The role of state regulators only merits a fleeting mention, which seems to ignore the reality that hospital regulation is still mostly the legal province of states—a strange oversight coming from a lawyer. Just as states have fractured on Medicaid expansion, we would likely see patchy implementation of any reform requiring concerted state action. Maybe that’s okay; federalism is a cornerstone of politics in the United States. But it’s a limitation that needs to be acknowledged.
While I find the scheme outlined by Brill fanciful, he latches onto one question that merits further discussion: whether health care should be regulated as a public utility, or more like a public utility than it’s currently treated. The need for this pivot has been recognized by scholars: In a recent law review article, University of Michigan professor Nicholas Bagley writes, “Now that the Affordable Care Act has eased concerns about the uninsured, a stubborn set of economic problems in the medical industry—supply imbalances, access restrictions, and abusive and discriminatory pricing—may spur renewed interest in laws reflecting the principles of public utility regulation.” Like other public utilities, medicine serves an important human need. And, increasingly, industry actors possess enough market power to exploit consumers. The regulatory landscape needs to confront the fact that we’re dealing with large health-care systems with monopolistic tendencies rather than the hospitals and independent physician practices of yore.

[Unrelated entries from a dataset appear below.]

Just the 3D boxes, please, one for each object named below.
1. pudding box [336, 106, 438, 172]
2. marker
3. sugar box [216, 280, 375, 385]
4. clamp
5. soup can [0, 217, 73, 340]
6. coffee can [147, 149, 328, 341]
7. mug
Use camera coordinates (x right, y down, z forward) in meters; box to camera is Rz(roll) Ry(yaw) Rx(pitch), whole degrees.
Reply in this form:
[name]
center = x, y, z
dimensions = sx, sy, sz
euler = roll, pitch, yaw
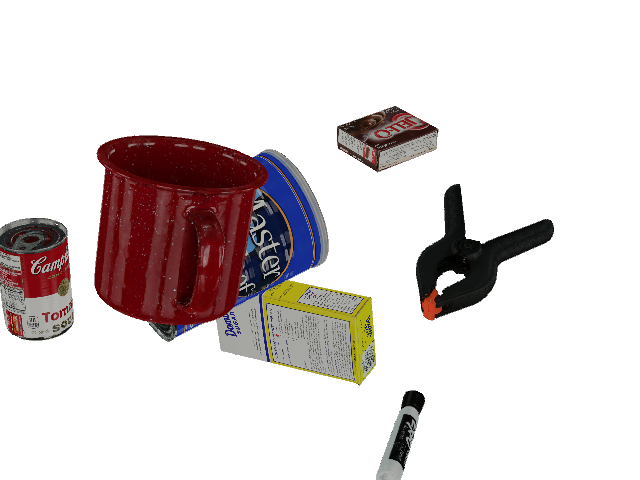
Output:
[pudding box]
center = 0.092, -0.142, 1.477
dimensions = 0.113, 0.039, 0.090
euler = -25, 40, -30
[marker]
center = 0.066, 0.158, 0.863
dimensions = 0.020, 0.020, 0.121
euler = 0, 24, 16
[sugar box]
center = -0.029, 0.091, 1.153
dimensions = 0.176, 0.093, 0.048
euler = 13, 35, 27
[clamp]
center = 0.142, 0.008, 1.075
dimensions = 0.120, 0.039, 0.171
euler = 28, 52, 33
[soup can]
center = -0.279, 0.038, 1.044
dimensions = 0.068, 0.102, 0.068
euler = 2, 28, -1
[coffee can]
center = -0.079, 0.002, 0.835
dimensions = 0.140, 0.103, 0.103
euler = -27, 11, -22
[mug]
center = -0.076, -0.001, 0.579
dimensions = 0.093, 0.081, 0.117
euler = 0, 22, -26

Brill’s precise prescription may be off, but he’s diagnosed the problem accurately. Referring to the New Haven, Connecticut, health system, which has rapidly consolidated in recent years, he writes, “Put simply, Yale New Haven was becoming either a poster child for market abuse or for real reform of the healthcare economy. One man’s antitrust conspiracy was another man’s trailblazing Accountable Care Organization.”
When large health systems consolidate, we worry they might gain too much leverage in the local market, giving them the power to strong-arm insurers and patients. But when patients split their care across different hospitals, we lament fragmentation and inefficiency. The recent proliferation of “accountable care” models, where a set of providers coordinates patient care, creates incentives for hospital systems to snap up physician clinics and other small practices. It remains unclear whether this trend is worrisome or encouraging. It may be both.
That’s the trouble with real health-care reform in our Byzantine system: Balancing one set of incentives often destabilizes the incentives somewhere else. It’s a game of tug-of-war, only there are hundreds of players, dozens of ropes, and everything is a tangled mess. Sooner or later, the game is going to need new rules.